Ketika dunia tidak memiliki waktu untuk mempertanyakan tentang alur kehidupan. Hubungan akan selalu menjadi keterkaitan satu sama lain. Tidak peduli akan status hubungan itu sendiri. Setiap hak dan kewajiban menjadi milik satu sama lain. Itulah yang dinamakan garis kehidupan.
"Assalamu'alaikum ....," Rey menyudahi sholat berjamaahnya, lalu melanjutkan dengan do'a yang khusyuk selama beberapa menit.
Ketika doa telah berakhir, ia melihat uluran tangan Asma yang selalu mengecup telapak tangannya sehabis menunaikan sholat. "Kemarilah!"

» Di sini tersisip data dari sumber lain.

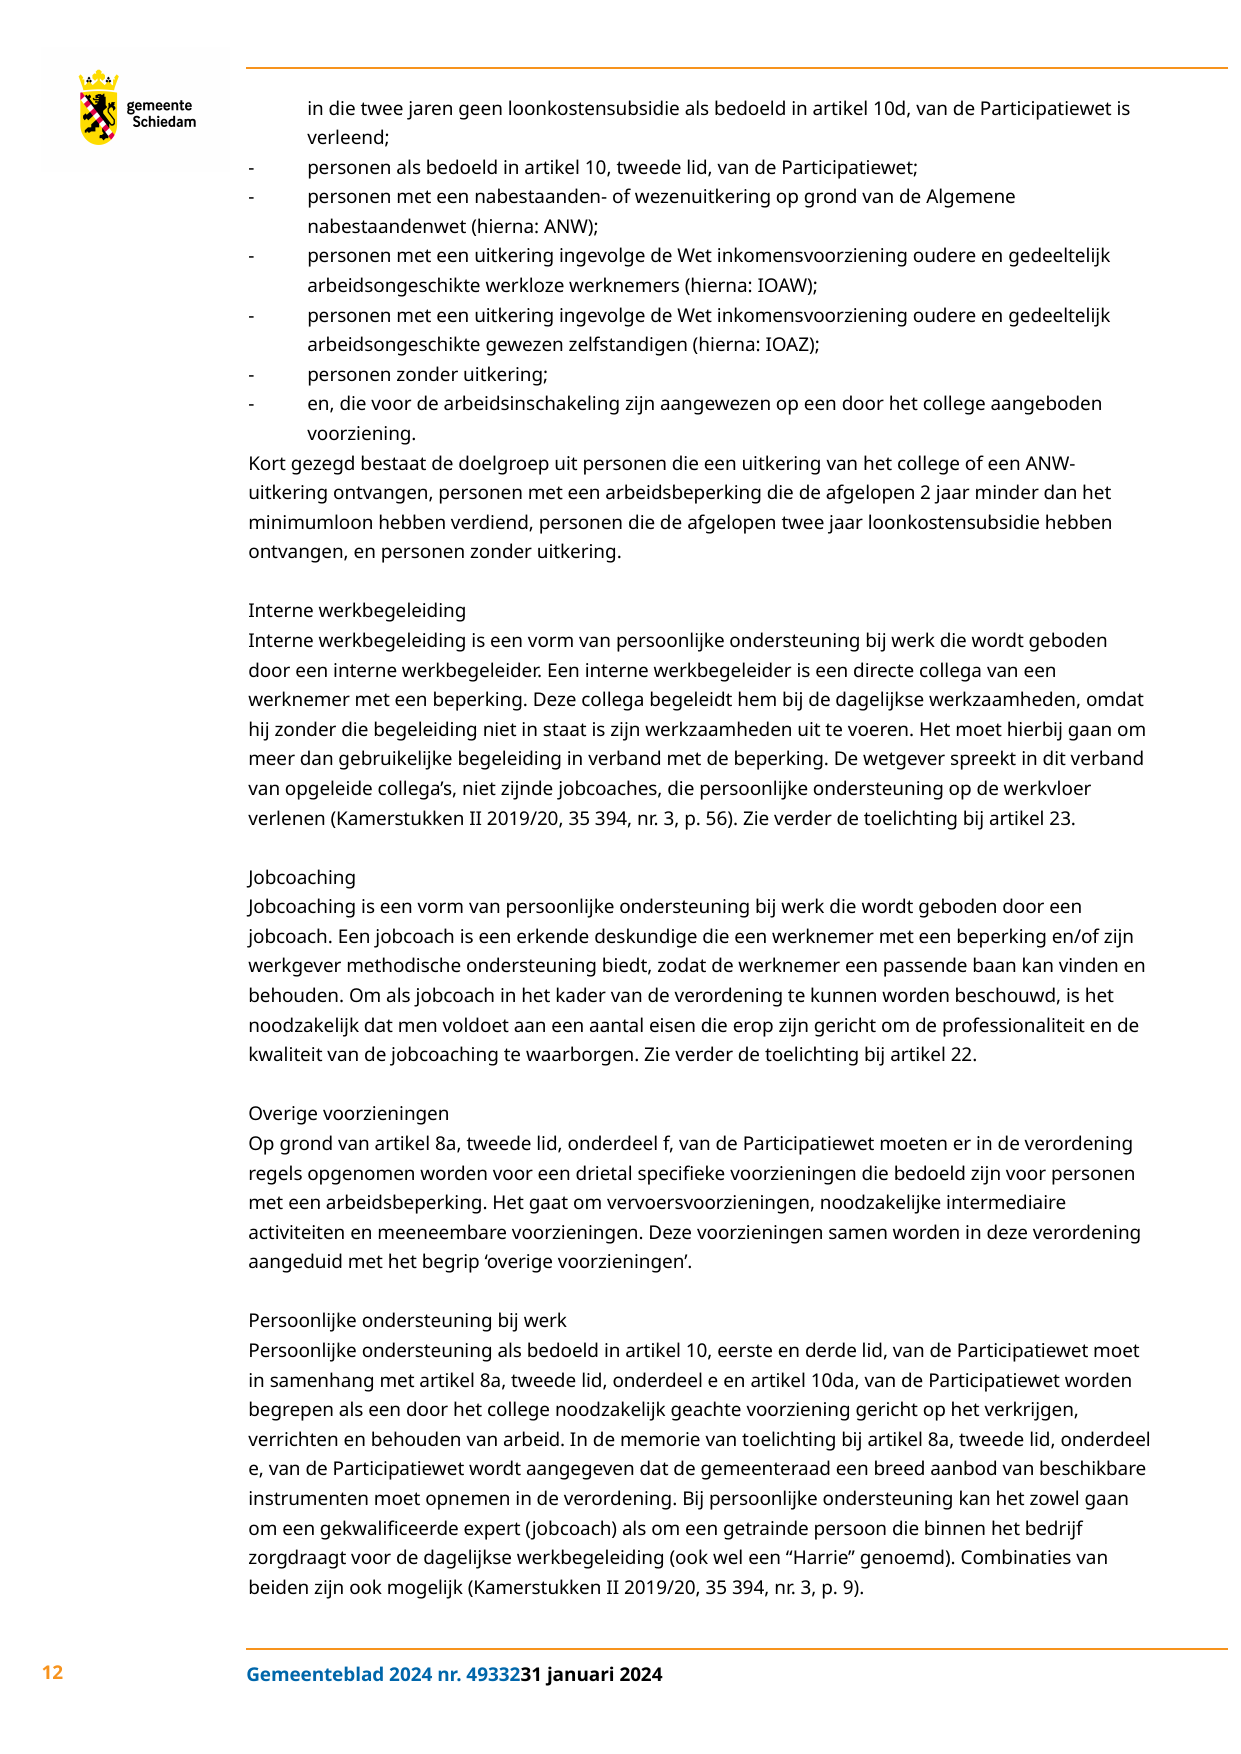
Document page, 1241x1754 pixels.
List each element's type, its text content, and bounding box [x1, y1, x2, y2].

text Kort gezegd bestaat de doelgroep uit personen die een uitkering van het college of een ANW-uitkering ontvangen, personen met een arbeidsbeperking die de afgelopen 2 jaar minder dan het minimumloon hebben verdiend, personen die de afgelopen twee jaar loonkostensubsidie hebben ontvangen, en personen zonder uitkering. [248, 450, 1152, 564]
text Persoonlijke ondersteuning als bedoeld in artikel 10, eerste en derde lid, van de Participatiewet moet in samenhang met artikel 8a, tweede lid, onderdeel e en artikel 10da, van de Participatiewet worden begrepen als een door het college noodzakelijk geachte voorziening gericht op het verkrijgen, verrichten en behouden van arbeid. In de memorie van toelichting bij artikel 8a, tweede lid, onderdeel e, van de Participatiewet wordt aangegeven dat de gemeenteraad een breed aanbod van beschikbare instrumenten moet opnemen in de verordening. Bij persoonlijke ondersteuning kan het zowel gaan om een gekwalificeerde expert (jobcoach) als om een getrainde persoon die binnen het bedrijf zorgdraagt voor de dagelijkse werkbegeleiding (ook wel een “Harrie” genoemd). Combinaties van beiden zijn ook mogelijk (Kamerstukken II 2019/20, 35 394, nr. 3, p. 9). [248, 1337, 1152, 1600]
picture [41, 47, 231, 172]
list en, die voor de arbeidsinschakeling zijn aangewezen op een door het college aangeboden voorziening. [248, 391, 1152, 446]
list personen met een nabestaanden- of wezenuitkering op grond van de Algemene nabestaandenwet (hierna: ANW); [248, 183, 1152, 239]
text Op grond van artikel 8a, tweede lid, onderdeel f, van de Participatiewet moeten er in de verordening regels opgenomen worden voor een drietal specifieke voorzieningen die bedoeld zijn voor personen met een arbeidsbeperking. Het gaat om vervoersvoorzieningen, noodzakelijke intermediaire activiteiten en meeneembare voorzieningen. Deze voorzieningen samen worden in deze verordening aangeduid met het begrip ‘overige voorzieningen’. [248, 1130, 1152, 1274]
text Interne werkbegeleiding [248, 598, 1152, 623]
list personen met een uitkering ingevolge de Wet inkomensvoorziening oudere en gedeeltelijk arbeidsongeschikte gewezen zelfstandigen (hierna: IOAZ); [248, 302, 1152, 357]
text Interne werkbegeleiding is een vorm van persoonlijke ondersteuning bij werk die wordt geboden door een interne werkbegeleider. Een interne werkbegeleider is een directe collega van een werknemer met een beperking. Deze collega begeleidt hem bij de dagelijkse werkzaamheden, omdat hij zonder die begeleiding niet in staat is zijn werkzaamheden uit te voeren. Het moet hierbij gaan om meer dan gebruikelijke begeleiding in verband met de beperking. De wetgever spreekt in dit verband van opgeleide collega’s, niet zijnde jobcoaches, die persoonlijke ondersteuning op de werkvloer verlenen (Kamerstukken II 2019/20, 35 394, nr. 3, p. 56). Zie verder de toelichting bij artikel 23. [248, 627, 1152, 831]
list in die twee jaren geen loonkostensubsidie als bedoeld in artikel 10d, van de Participatiewet is verleend; [248, 95, 1152, 150]
list personen zonder uitkering; [248, 361, 1152, 387]
list personen als bedoeld in artikel 10, tweede lid, van de Participatiewet; [248, 154, 1152, 180]
list personen met een uitkering ingevolge de Wet inkomensvoorziening oudere en gedeeltelijk arbeidsongeschikte werkloze werknemers (hierna: IOAW); [248, 243, 1152, 298]
text Overige voorzieningen [248, 1101, 1152, 1126]
text Jobcoaching is een vorm van persoonlijke ondersteuning bij werk die wordt geboden door een jobcoach. Een jobcoach is een erkende deskundige die een werknemer met een beperking en/of zijn werkgever methodische ondersteuning biedt, zodat de werknemer een passende baan kan vinden en behouden. Om als jobcoach in het kader van de verordening te kunnen worden beschouwd, is het noodzakelijk dat men voldoet aan een aantal eisen die erop zijn gericht om de professionaliteit en de kwaliteit van de jobcoaching te waarborgen. Zie verder de toelichting bij artikel 22. [248, 893, 1152, 1067]
text Jobcoaching [248, 864, 1152, 890]
text Persoonlijke ondersteuning bij werk [248, 1308, 1152, 1333]

Dibiarkannya Asma melakukan hak sebagai seorang istri, sedangkan ia memilih menangkup wajah sang istri. Lalu, memejamkan mata sesaat dengan lantunan doa untuk kebahagiaan, keselamatan dan kebaikan sang istri. Kemudian meniup ubun-ubun wanitanya tiga kali.
Ini bukan ritual yang diwajibkan. Akan tetapi, Rey berharap dengan banyaknya doa yang ia panjatkan. Hubungan mereka yang terbilang singkat tanpa proses pengenalan lebih dalam, akan mendapatkan ridho Illahi. Sebagai seorang suami yang bertanggung jawab dan belajar menunaikan semua kewajiban tanpa terkecuali.

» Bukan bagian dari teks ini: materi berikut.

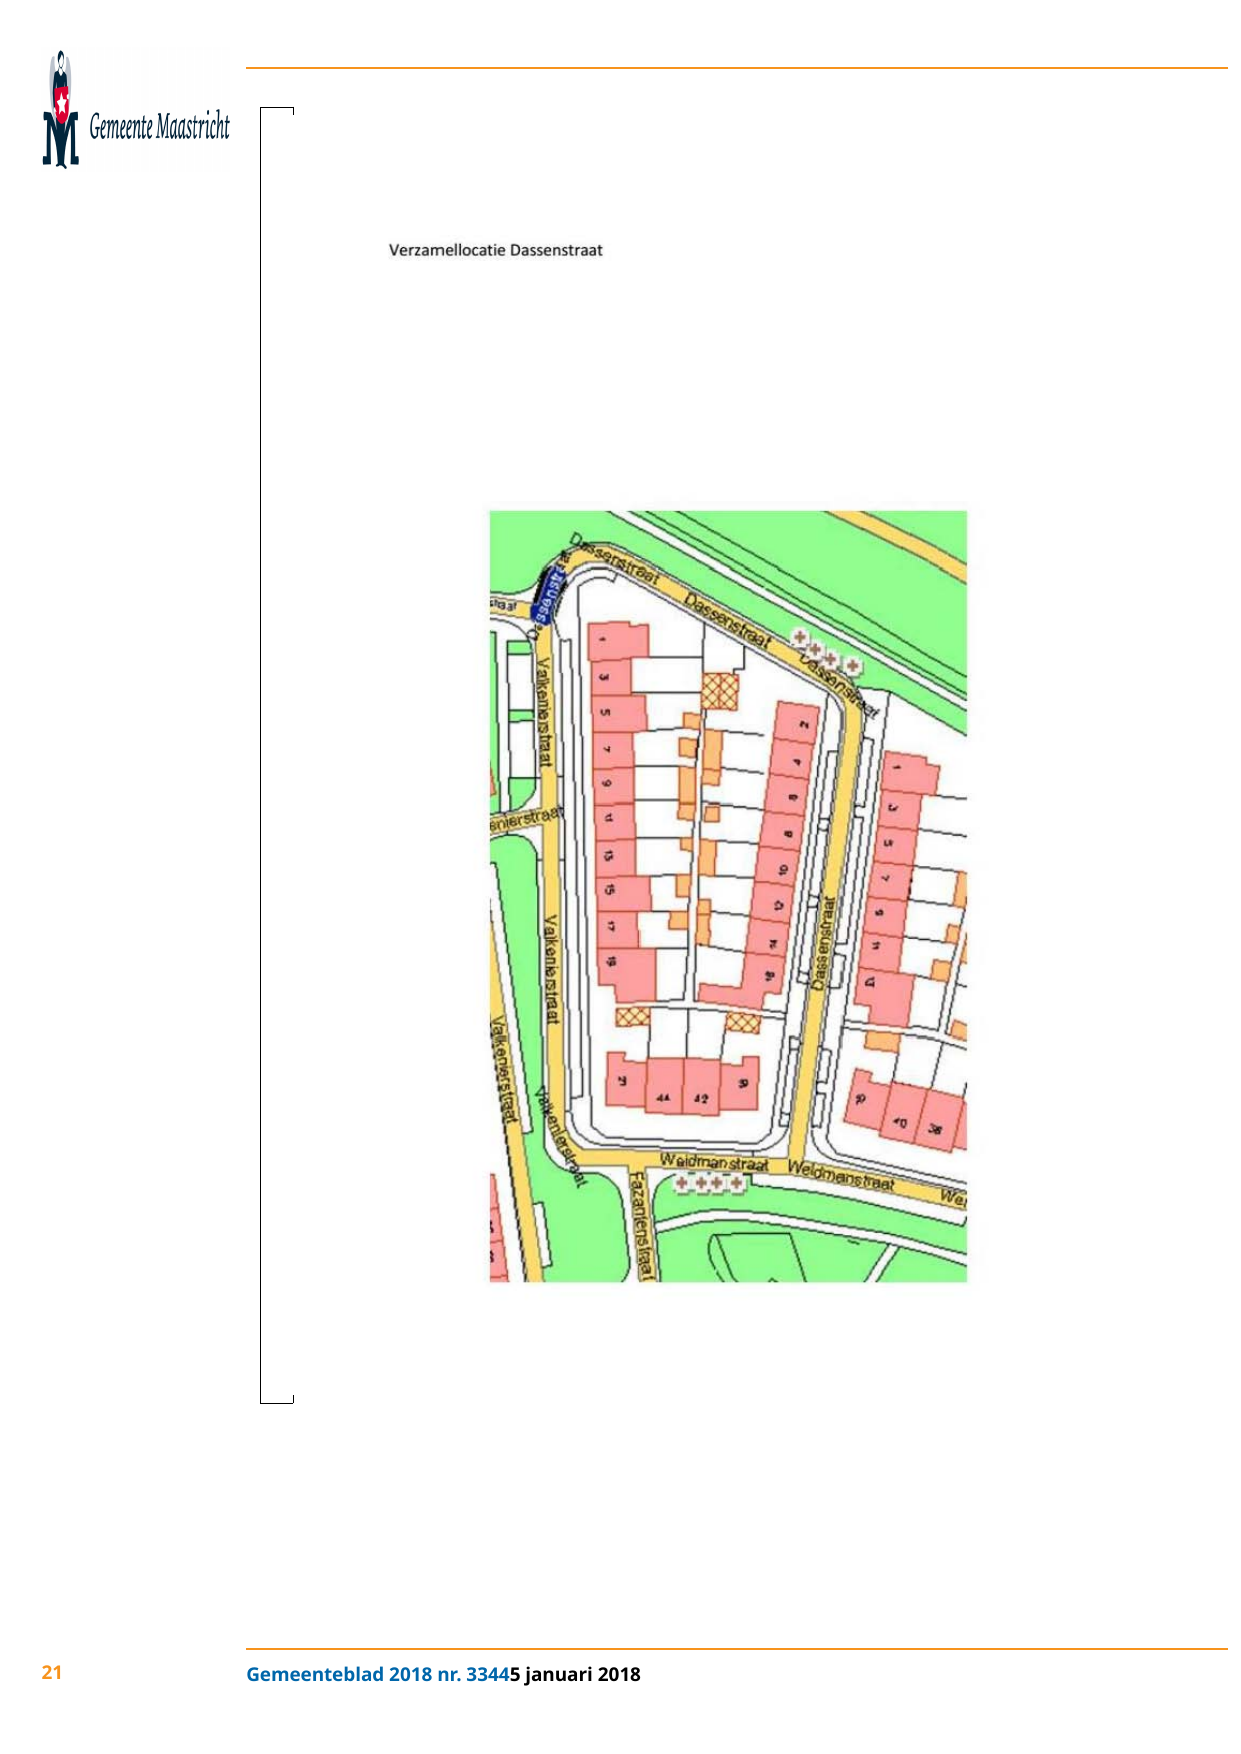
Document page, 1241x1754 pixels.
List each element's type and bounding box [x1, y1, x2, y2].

picture [268, 115, 1173, 1395]
picture [41, 47, 231, 172]

Damai rasanya memiliki seorang suami yang bisa mengayomi, bahkan tanpa sungkan dan malu. Rey mau melayani kebutuhan seorang istri tanpa berpikir dua kali. Waktu yang dihabiskan keduanya terbilang singkat. Namun kenyataannya mereka semakin dekat dengan jarak yang terus terkikis.

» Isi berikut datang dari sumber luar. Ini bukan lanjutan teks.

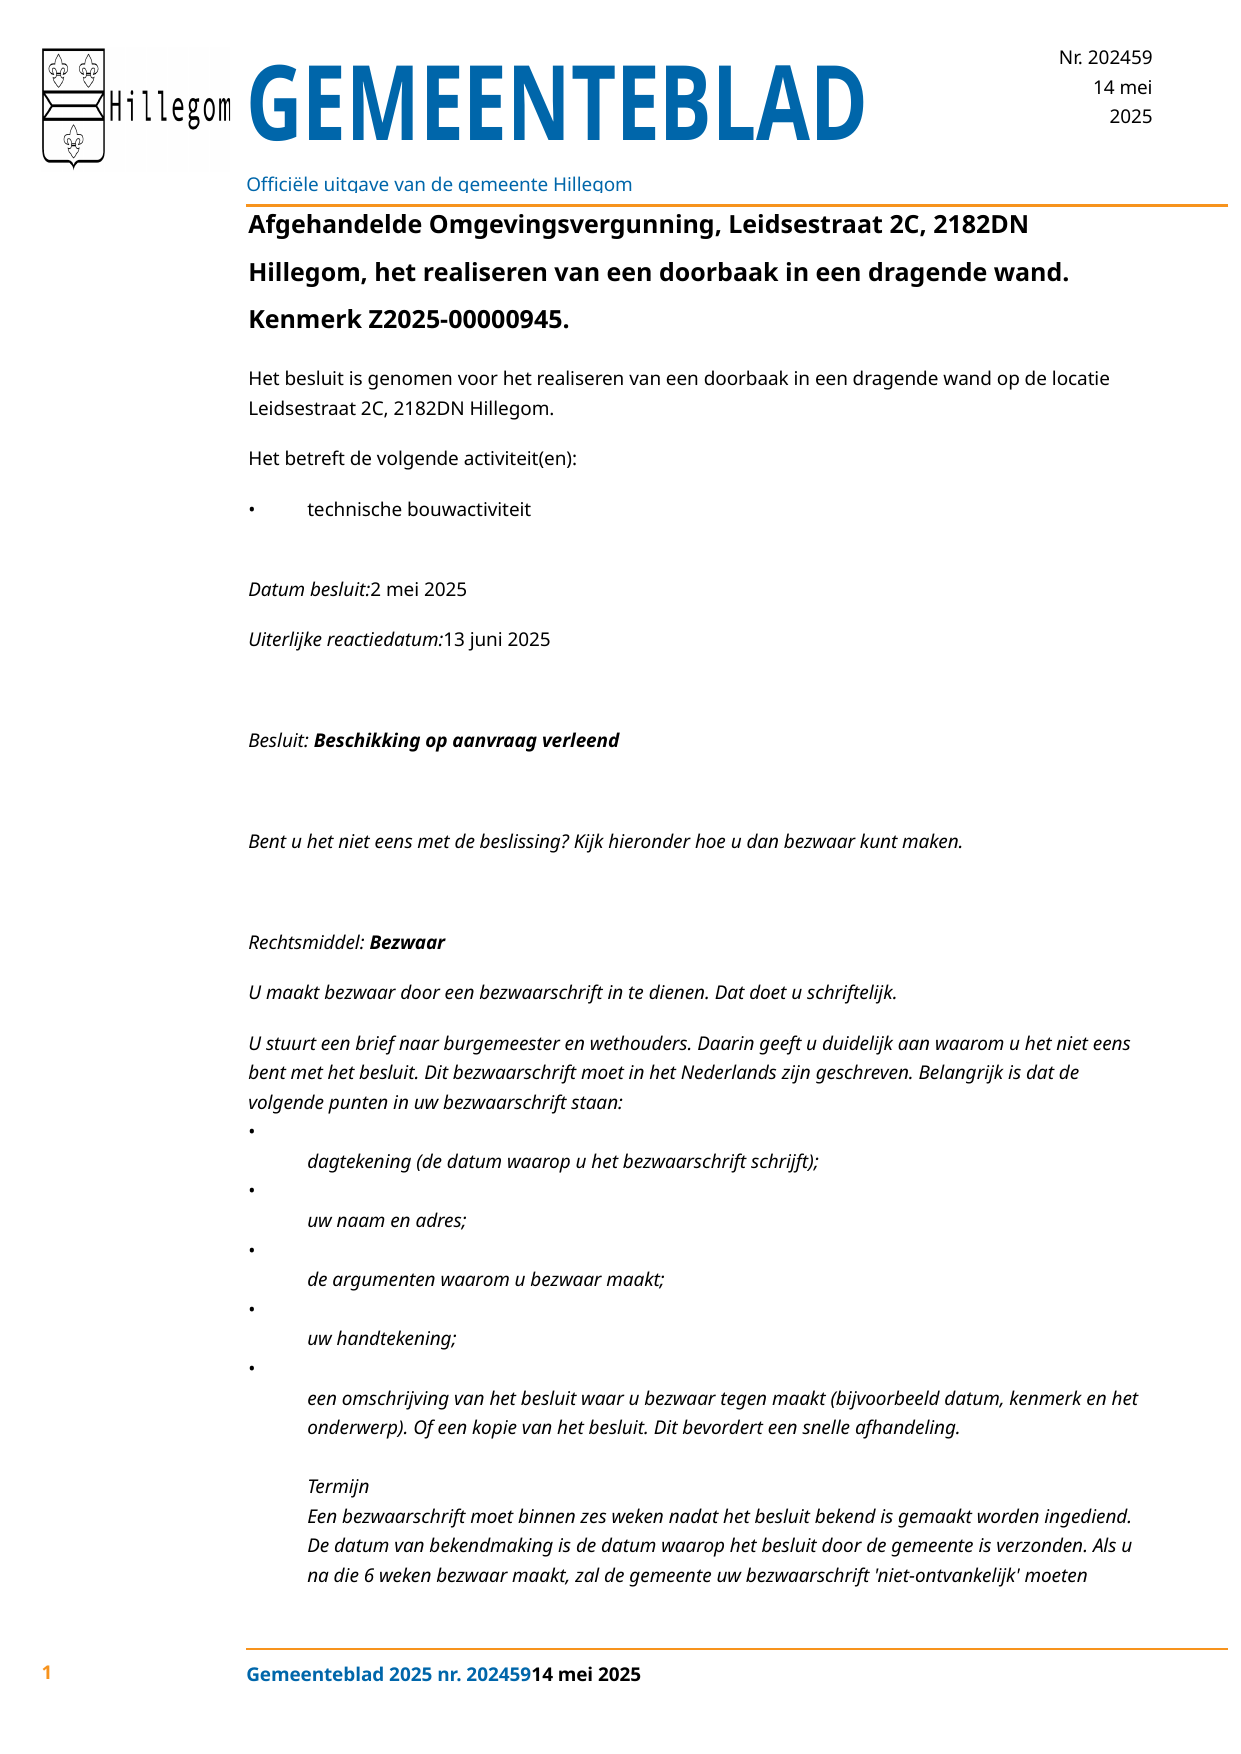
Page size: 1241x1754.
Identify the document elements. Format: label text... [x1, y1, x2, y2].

picture [41, 47, 231, 172]
text Het betreft de volgende activiteit(en): [248, 446, 1152, 471]
text U maakt bezwaar door een bezwaarschrift in te dienen. Dat doet u schriftelijk. [248, 979, 1152, 1005]
list Een bezwaarschrift moet binnen zes weken nadat het besluit bekend is gemaakt worden ingediend. De datum van bekendmaking is de datum waarop het besluit door de gemeente is verzonden. Als u na die 6 weken bezwaar maakt, zal de gemeente uw bezwaarschrift 'niet-ontvankelijk' moeten [248, 1503, 1152, 1588]
list uw handtekening; [248, 1326, 1152, 1351]
text Uiterlijke reactiedatum:13 juni 2025 [248, 626, 1152, 652]
text Bent u het niet eens met de beslissing? Kijk hieronder hoe u dan bezwaar kunt maken. [248, 828, 1152, 854]
list dagtekening (de datum waarop u het bezwaarschrift schrijft); [248, 1148, 1152, 1174]
text Afgehandelde Omgevingsvergunning, Leidsestraat 2C, 2182DN Hillegom, het realiseren van een doorbaak in een dragende wand. Kenmerk Z2025-00000945. [248, 207, 1152, 336]
list uw naam en adres; [248, 1207, 1152, 1233]
text Besluit: Beschikking op aanvraag verleend [248, 727, 1152, 753]
text Rechtsmiddel: Bezwaar [248, 929, 1152, 954]
text U stuurt een brief naar burgemeester en wethouders. Daarin geeft u duidelijk aan waarom u het niet eens bent met het besluit. Dit bezwaarschrift moet in het Nederlands zijn geschreven. Belangrijk is dat de volgende punten in uw bezwaarschrift staan: [248, 1030, 1152, 1114]
list technische bouwactiviteit [248, 496, 1152, 522]
list een omschrijving van het besluit waar u bezwaar tegen maakt (bijvoorbeeld datum, kenmerk en het onderwerp). Of een kopie van het besluit. Dit bevordert een snelle afhandeling. [248, 1385, 1152, 1440]
list Termijn [248, 1473, 1152, 1499]
text Datum besluit:2 mei 2025 [248, 576, 1152, 602]
text Het besluit is genomen voor het realiseren van een doorbaak in een dragende wand op de locatie Leidsestraat 2C, 2182DN Hillegom. [248, 366, 1152, 421]
list de argumenten waarom u bezwaar maakt; [248, 1266, 1152, 1292]

"Mas, boleh minta waktunya sebentar?" tanya Asma setelah mengembalikan mukena ke dalam lemari, gadis itu merasa tidak enak hati. Ketika harus melibatkan suaminya dalam masalah yang dirinya buat tanpa sengaja.
Rey tersenyum. Ditepuknya sisi ranjang yang kosong di sebelah kanannya, "Kemarilah! Kita bisa bicara sambil duduk."
Sikap tenang dengan seulas senyum yang menawan. Rasanya benar-benar menyenangkan. Beban di hati terasa lebih ringan. Meski tetap dilema akan masalah yang saat ini bertarung dalam pikirannya. Hubungan yang sederhana, tapi bisa berubah menjadi rumit. Jika tidak segera diluruskan.
Keduanya duduk berdampingan. Asma yang menatap ke arah balkon, dan Rey yang terdiam menunggu ucapan dari istrinya. Seperti biasa, hanya ada ketenangan, sebelum badai datang. Setiap kali gadis itu serius. Pasti akan berakhir menikmati kegelisahan hati.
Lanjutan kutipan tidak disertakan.